Season 2 of Telltale’s The Walking Dead episodic game series is coming in the fall. So to bridge the gap between the last season and the new, they’ve released The Walking Dead: 400 Days. A fun, different entry into the universe that’s been cultivated by Telltale. While the DLC was fun, I played on the 360, it ultimately left me wanting more. In both the good and bad way.


You can choose to play as any of the characters from the beginning and follow what amounts to a 20 minute vignette about their life and what led them to this point. Each tale is told across the first 400 days (makes sense, right?) of the apocalypse. Telltale did a great job giving you a taste of each character but not enough to know the full story. I found it hard sometimes to make decisions about characters I simply didn’t know well enough to make decisions for.

For example, as Vince, in the opening scene (SPOILERS KIND OF) you murder someone offscreen who is babbling about not knowing something (blah blah blah). The rest of the story is spent on a prison bus. What did I do? Is Vince someone I want to redeem? With Bonnie, the first 5 minutes I spent flirting (Yes I’m talking about flirting in a video game!) with Leland only to realize I probably shouldn’t have been. I believe the stories we’re designed to be open-ended and ambiguous, but without getting to know the characters the way I knew Lee and Clem, it’s tough for me to care about their final outcomes.

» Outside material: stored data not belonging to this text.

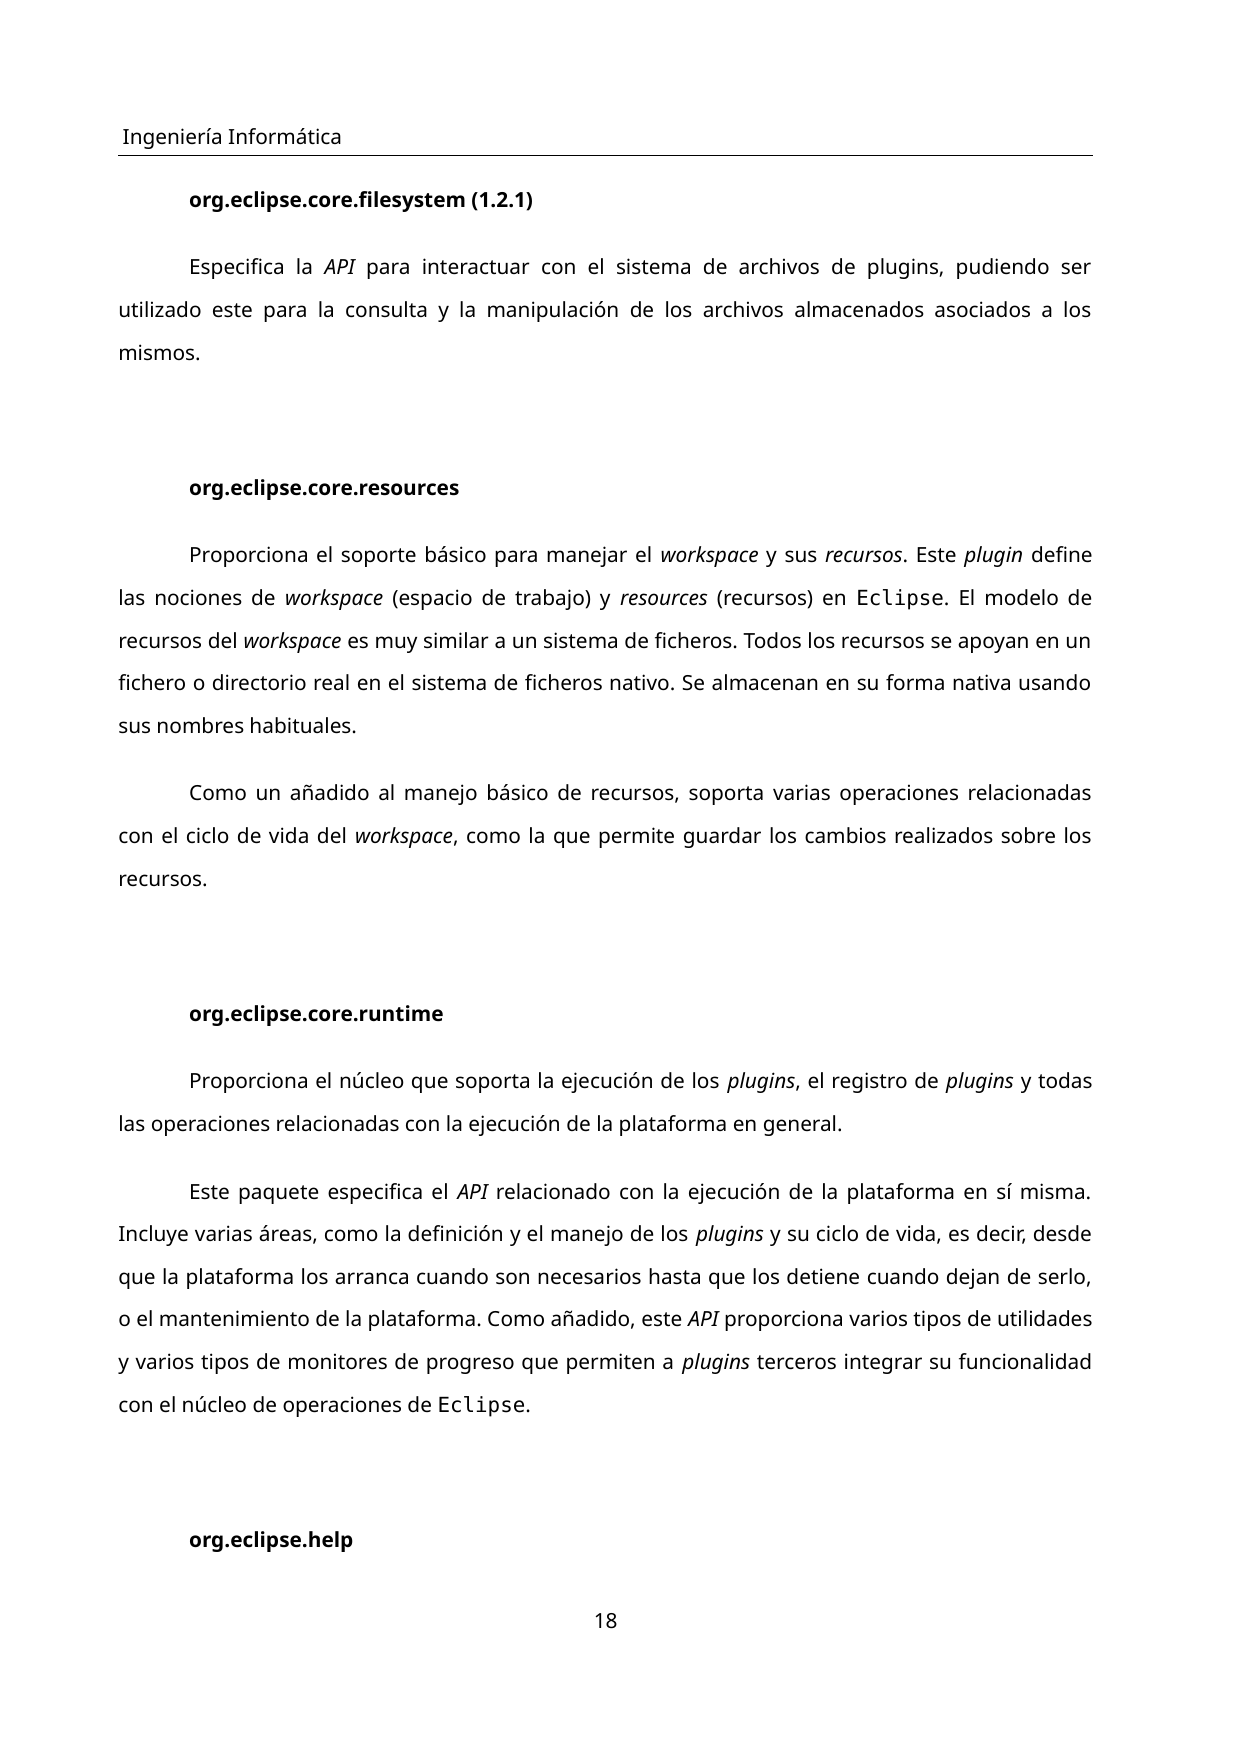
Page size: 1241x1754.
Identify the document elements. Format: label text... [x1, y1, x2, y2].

text org.eclipse.core.filesystem (1.2.1) [118, 185, 1093, 213]
text org.eclipse.core.resources [118, 473, 1093, 501]
text Como un añadido al manejo básico de recursos, soporta varias operaciones relacionadas con el ciclo de vida del workspace, como la que permite guardar los cambios realizados sobre los recursos. [118, 778, 1093, 892]
text Este paquete especifica el API relacionado con la ejecución de la plataforma en sí misma. Incluye varias áreas, como la definición y el manejo de los plugins y su ciclo de vida, es decir, desde que la plataforma los arranca cuando son necesarios hasta que los detiene cuando dejan de serlo, o el mantenimiento de la plataforma. Como añadido, este API proporciona varios tipos de utilidades y varios tipos de monitores de progreso que permiten a plugins terceros integrar su funcionalidad con el núcleo de operaciones de Eclipse. [118, 1177, 1093, 1418]
text Proporciona el soporte básico para manejar el workspace y sus recursos. Este plugin define las nociones de workspace (espacio de trabajo) y resources (recursos) en Eclipse. El modelo de recursos del workspace es muy similar a un sistema de ficheros. Todos los recursos se apoyan en un fichero o directorio real en el sistema de ficheros nativo. Se almacenan en su forma nativa usando sus nombres habituales. [118, 541, 1093, 739]
text org.eclipse.help [118, 1525, 1093, 1553]
text org.eclipse.core.runtime [118, 999, 1093, 1027]
text Especifica la API para interactuar con el sistema de archivos de plugins, pudiendo ser utilizado este para la consulta y la manipulación de los archivos almacenados asociados a los mismos. [118, 252, 1093, 366]
text Proporciona el núcleo que soporta la ejecución de los plugins, el registro de plugins y todas las operaciones relacionadas con la ejecución de la plataforma en general. [118, 1067, 1093, 1138]

Each story was fun. The notable exception for me was Russell. I played through each character twice and each time Russell was the weak link. He wasn’t fleshed out enough (although Nate was creepy) compared to the meatier episodes of Chel or Bonnie (my favorites). It speaks to Tell Tales writing that in 20 minutes they could get me to care so much about Wyatt (anyone besides Russell really) and his friend that I felt bad by the end of his story.



If you played The Walking Dead‘s first 5 episodes then you know the game is more about story and decision-making than any big action pieces that you may see in a Halo game. The character moments and tough decisions that drive The Walking Dead and 400 Days are no different. This is a game where you pay more attention to the little things than the big. So much can be said with just a roll of their eyes or wrinkling of the brow.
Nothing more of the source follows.